YOUR INSTRUCTIONS
Output exactly the lines between the line that contains "(-1, 50, 14))" and the last line of the material, counting both.

-- Opening Marker --

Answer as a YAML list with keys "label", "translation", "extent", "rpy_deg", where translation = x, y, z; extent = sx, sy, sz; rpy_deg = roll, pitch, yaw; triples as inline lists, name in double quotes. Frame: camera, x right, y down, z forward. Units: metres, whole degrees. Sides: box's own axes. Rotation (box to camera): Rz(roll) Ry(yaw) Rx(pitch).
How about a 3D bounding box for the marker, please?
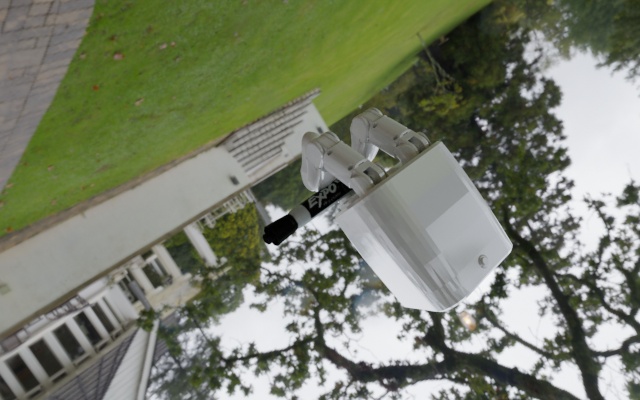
- label: "marker"
  translation: [0.000, 0.001, 0.408]
  extent: [0.121, 0.020, 0.020]
  rpy_deg: [-35, 18, -29]
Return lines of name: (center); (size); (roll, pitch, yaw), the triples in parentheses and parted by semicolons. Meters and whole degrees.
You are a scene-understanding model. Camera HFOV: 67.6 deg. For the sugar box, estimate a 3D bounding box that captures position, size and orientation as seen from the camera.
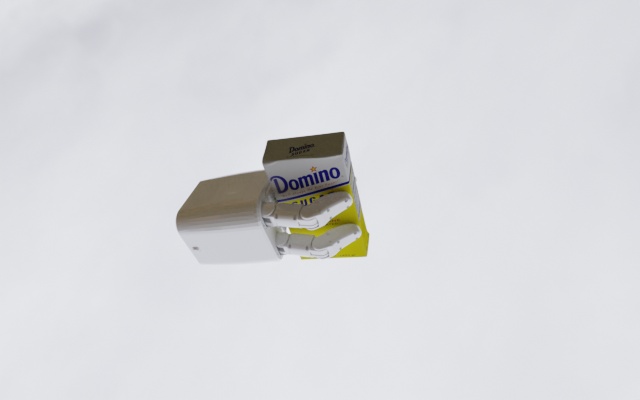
sugar box: (0.000, 0.002, 0.576); (0.093, 0.048, 0.176); (-5, -43, 14)
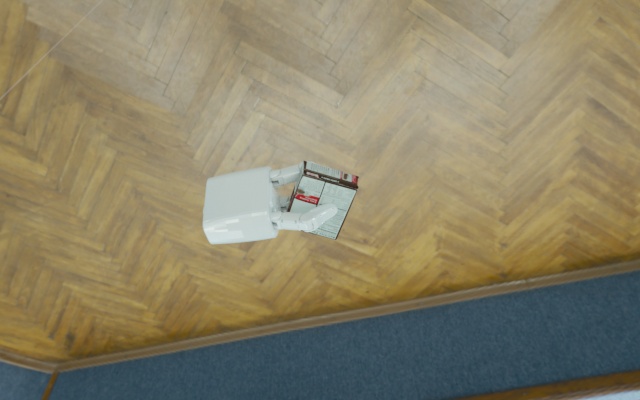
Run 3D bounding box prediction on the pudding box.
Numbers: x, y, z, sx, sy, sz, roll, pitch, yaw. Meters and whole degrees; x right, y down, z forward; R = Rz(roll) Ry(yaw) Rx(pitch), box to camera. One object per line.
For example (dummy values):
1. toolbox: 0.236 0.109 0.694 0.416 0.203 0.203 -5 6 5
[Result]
1. pudding box: 0.000 0.003 0.742 0.090 0.114 0.039 15 39 -8
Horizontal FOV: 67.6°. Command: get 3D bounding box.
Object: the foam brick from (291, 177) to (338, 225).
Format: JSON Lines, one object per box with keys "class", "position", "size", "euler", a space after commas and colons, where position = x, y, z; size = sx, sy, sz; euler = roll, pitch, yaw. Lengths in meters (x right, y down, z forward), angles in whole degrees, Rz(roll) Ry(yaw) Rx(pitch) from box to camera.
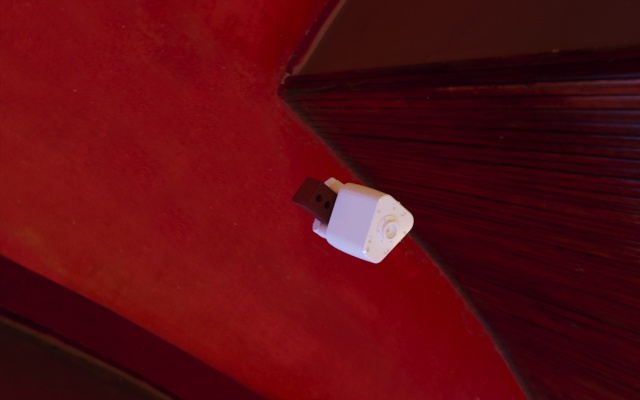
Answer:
{"class": "foam brick", "position": [0.000, 0.003, 0.847], "size": [0.078, 0.053, 0.051], "euler": [38, -10, -33]}
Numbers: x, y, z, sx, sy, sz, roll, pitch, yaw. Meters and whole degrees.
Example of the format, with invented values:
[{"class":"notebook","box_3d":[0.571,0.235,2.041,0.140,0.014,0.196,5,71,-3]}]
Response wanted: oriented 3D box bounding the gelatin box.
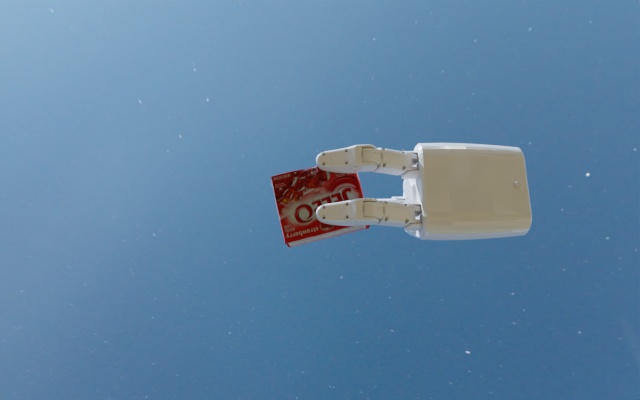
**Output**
[{"class":"gelatin box","box_3d":[0.000,0.002,0.491,0.089,0.073,0.030,-14,-16,1]}]
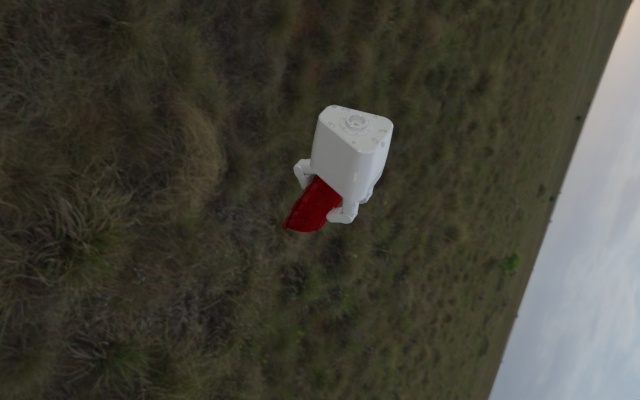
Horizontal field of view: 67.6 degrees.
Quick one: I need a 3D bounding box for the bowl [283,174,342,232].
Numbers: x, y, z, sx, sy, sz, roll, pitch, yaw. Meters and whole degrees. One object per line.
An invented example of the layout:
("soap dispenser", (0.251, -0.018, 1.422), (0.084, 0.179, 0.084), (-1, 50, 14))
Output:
("bowl", (0.000, 0.004, 0.872), (0.055, 0.162, 0.162), (36, 4, 5))

-- Closing Marker --

TASK RESULT
("soap dispenser", (0.251, -0.018, 1.422), (0.084, 0.179, 0.084), (-1, 50, 14))
Output:
("bowl", (0.000, 0.004, 0.872), (0.055, 0.162, 0.162), (36, 4, 5))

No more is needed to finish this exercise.